### WORK TO BE COMPLETED
Report each line of the records where "picture" occurs.

-------- DATA EXCERPTS --------

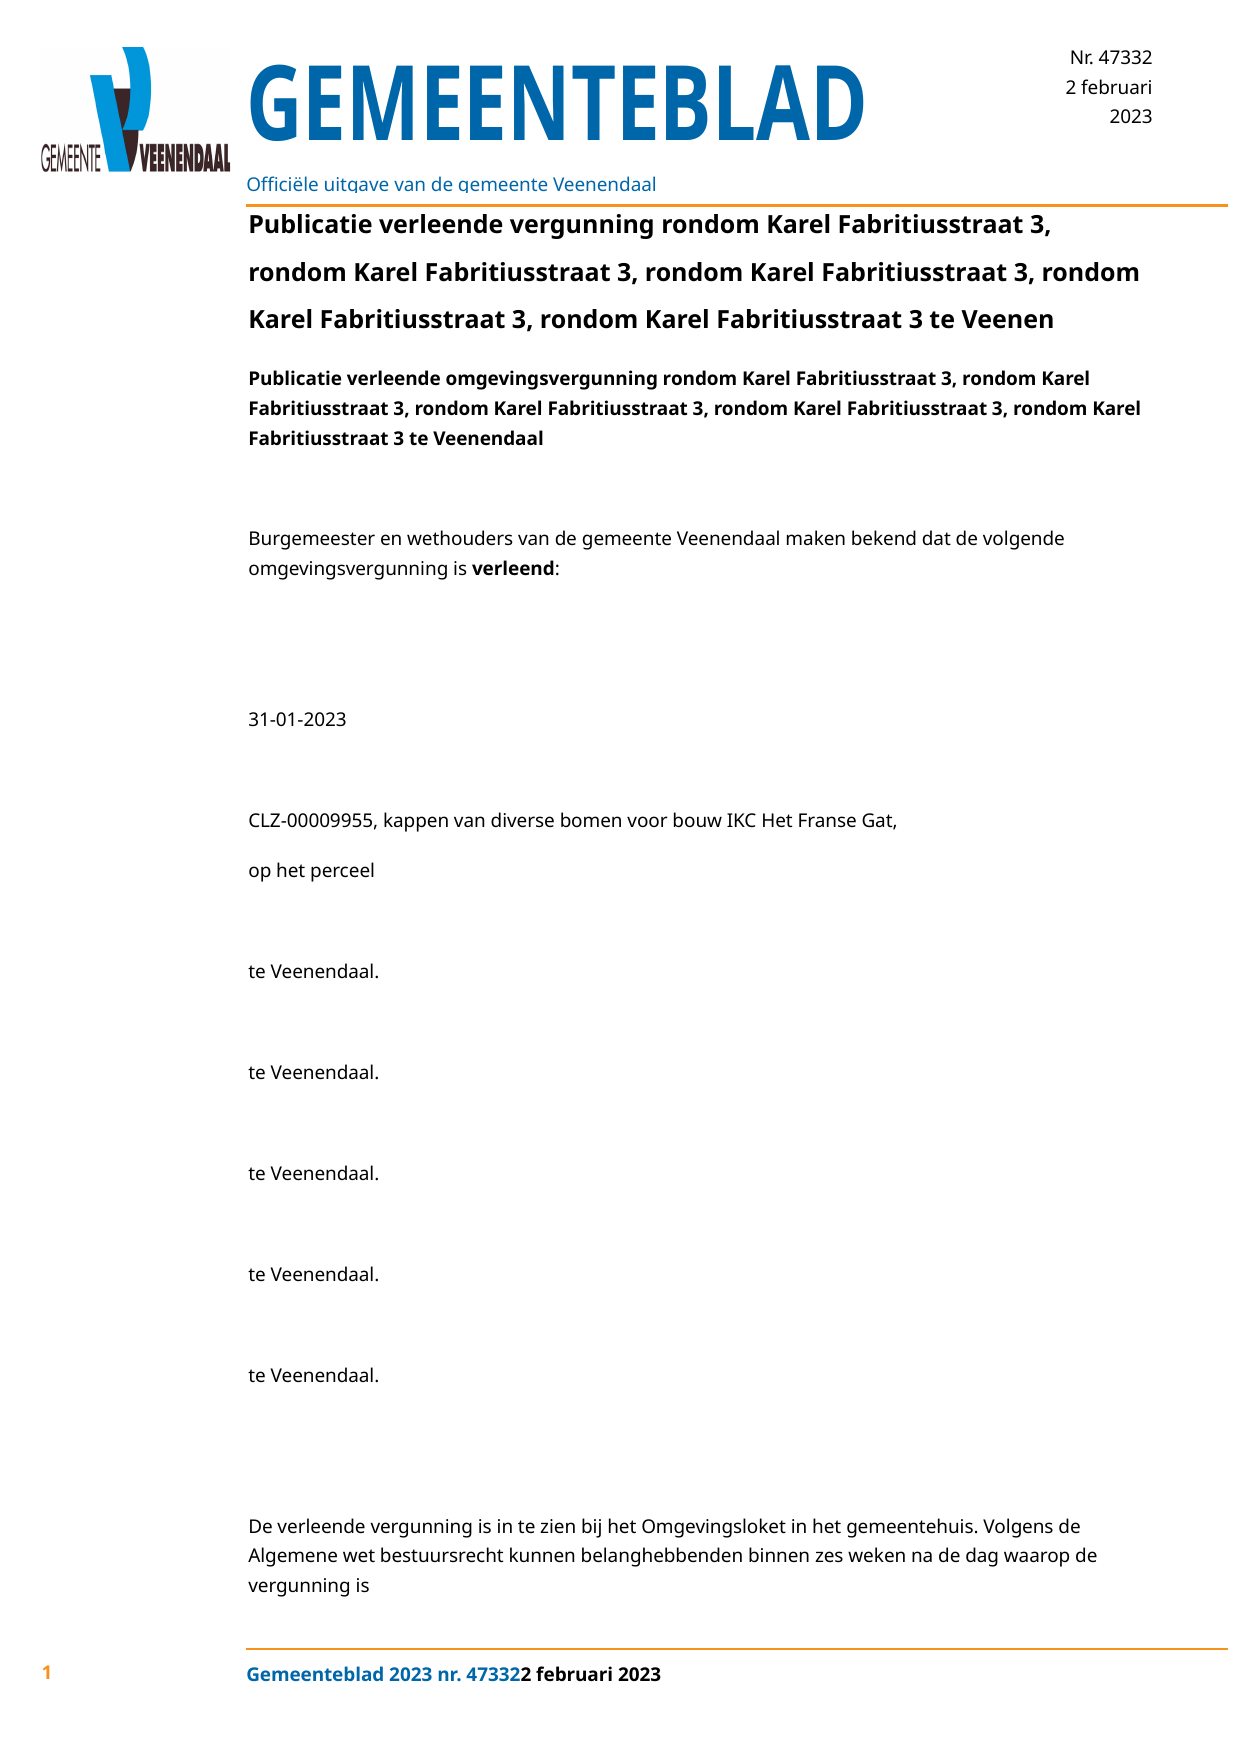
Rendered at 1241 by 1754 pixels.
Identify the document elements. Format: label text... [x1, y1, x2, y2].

picture [123, 47, 231, 172]
text De verleende vergunning is in te zien bij het Omgevingsloket in het gemeentehuis. Volgens de Algemene wet bestuursrecht kunnen belanghebbenden binnen zes weken na de dag waarop de vergunning is [248, 1513, 1152, 1598]
text te Veenendaal. [248, 1261, 1152, 1287]
text op het perceel [248, 858, 1152, 883]
text Publicatie verleende omgevingsvergunning rondom Karel Fabritiusstraat 3, rondom Karel Fabritiusstraat 3, rondom Karel Fabritiusstraat 3, rondom Karel Fabritiusstraat 3, rondom Karel Fabritiusstraat 3 te Veenendaal [248, 366, 1152, 450]
text Burgemeester en wethouders van de gemeente Veenendaal maken bekend dat de volgende omgevingsvergunning is verleend: [248, 526, 1152, 581]
text te Veenendaal. [248, 958, 1152, 984]
text 31-01-2023 [248, 706, 1152, 732]
text Publicatie verleende vergunning rondom Karel Fabritiusstraat 3, rondom Karel Fabritiusstraat 3, rondom Karel Fabritiusstraat 3, rondom Karel Fabritiusstraat 3, rondom Karel Fabritiusstraat 3 te Veenen [248, 207, 1152, 336]
text CLZ-00009955, kappen van diverse bomen voor bouw IKC Het Franse Gat, [248, 807, 1152, 833]
text te Veenendaal. [248, 1059, 1152, 1085]
text te Veenendaal. [248, 1160, 1152, 1186]
text te Veenendaal. [248, 1362, 1152, 1387]
picture [41, 47, 130, 172]
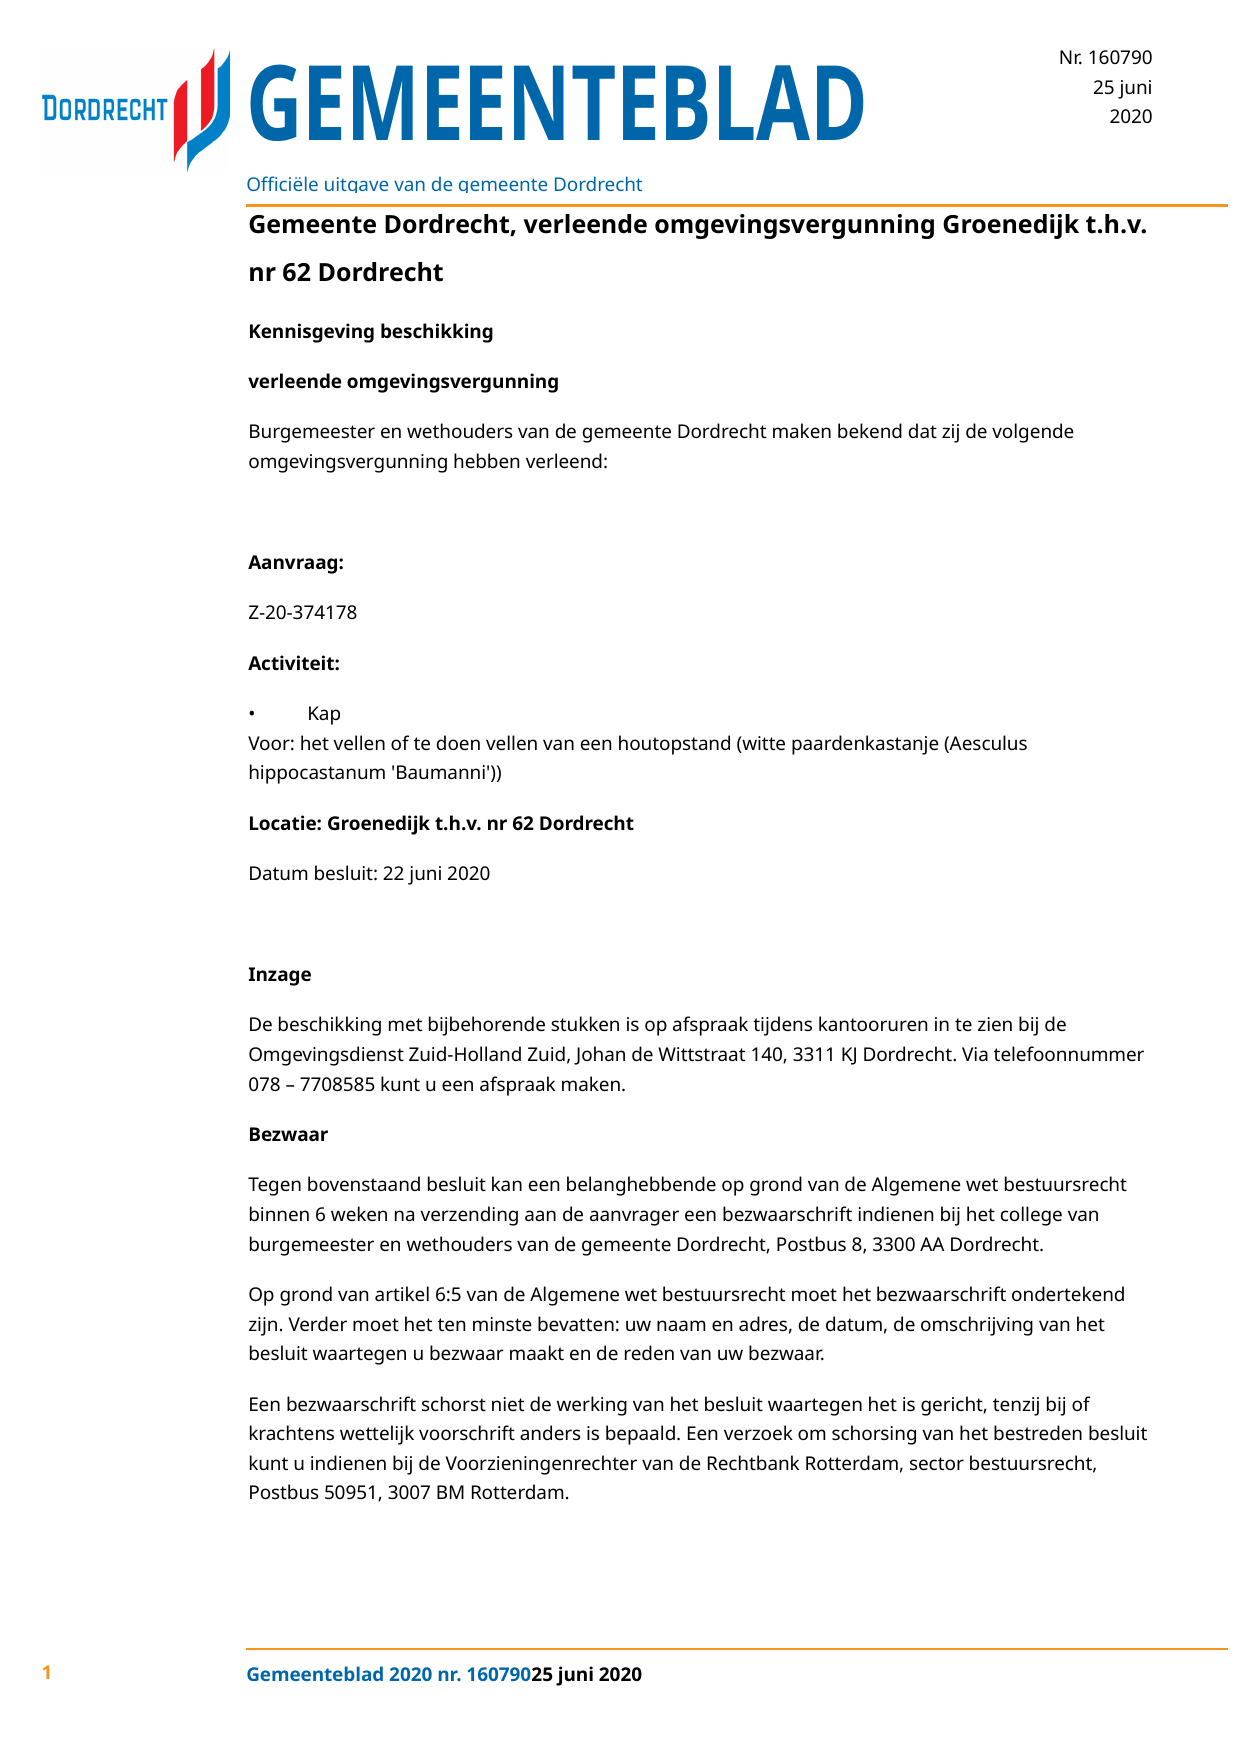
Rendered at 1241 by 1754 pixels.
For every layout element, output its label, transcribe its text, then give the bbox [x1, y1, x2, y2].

text Aanvraag: [248, 549, 1152, 575]
text Gemeente Dordrecht, verleende omgevingsvergunning Groenedijk t.h.v. nr 62 Dordrecht [248, 207, 1152, 288]
list Kap [248, 700, 1152, 726]
text Voor: het vellen of te doen vellen van een houtopstand (witte paardenkastanje (Aesculus hippocastanum 'Baumanni')) [248, 730, 1152, 785]
text Datum besluit: 22 juni 2020 [248, 860, 1152, 886]
text Een bezwaarschrift schorst niet de werking van het besluit waartegen het is gericht, tenzij bij of krachtens wettelijk voorschrift anders is bepaald. Een verzoek om schorsing van het bestreden besluit kunt u indienen bij de Voorzieningenrechter van de Rechtbank Rotterdam, sector bestuursrecht, Postbus 50951, 3007 BM Rotterdam. [248, 1391, 1152, 1505]
text Tegen bovenstaand besluit kan een belanghebbende op grond van de Algemene wet bestuursrecht binnen 6 weken na verzending aan de aanvrager een bezwaarschrift indienen bij het college van burgemeester en wethouders van de gemeente Dordrecht, Postbus 8, 3300 AA Dordrecht. [248, 1172, 1152, 1257]
text Locatie: Groenedijk t.h.v. nr 62 Dordrecht [248, 810, 1152, 836]
text Activiteit: [248, 650, 1152, 676]
text Op grond van artikel 6:5 van de Algemene wet bestuursrecht moet het bezwaarschrift ondertekend zijn. Verder moet het ten minste bevatten: uw naam en adres, de datum, de omschrijving van het besluit waartegen u bezwaar maakt en de reden van uw bezwaar. [248, 1281, 1152, 1366]
text Z-20-374178 [248, 599, 1152, 625]
picture [41, 47, 231, 172]
text Kennisgeving beschikking [248, 318, 1152, 344]
text De beschikking met bijbehorende stukken is op afspraak tijdens kantooruren in te zien bij de Omgevingsdienst Zuid-Holland Zuid, Johan de Wittstraat 140, 3311 KJ Dordrecht. Via telefoonnummer 078 – 7708585 kunt u een afspraak maken. [248, 1012, 1152, 1097]
text Bezwaar [248, 1121, 1152, 1147]
text Inzage [248, 961, 1152, 987]
text Burgemeester en wethouders van de gemeente Dordrecht maken bekend dat zij de volgende omgevingsvergunning hebben verleend: [248, 419, 1152, 474]
text verleende omgevingsvergunning [248, 368, 1152, 394]

--------

### EXERCISE RESULT
picture [123, 47, 231, 172]
picture [41, 47, 130, 172]
picture [41, 47, 231, 172]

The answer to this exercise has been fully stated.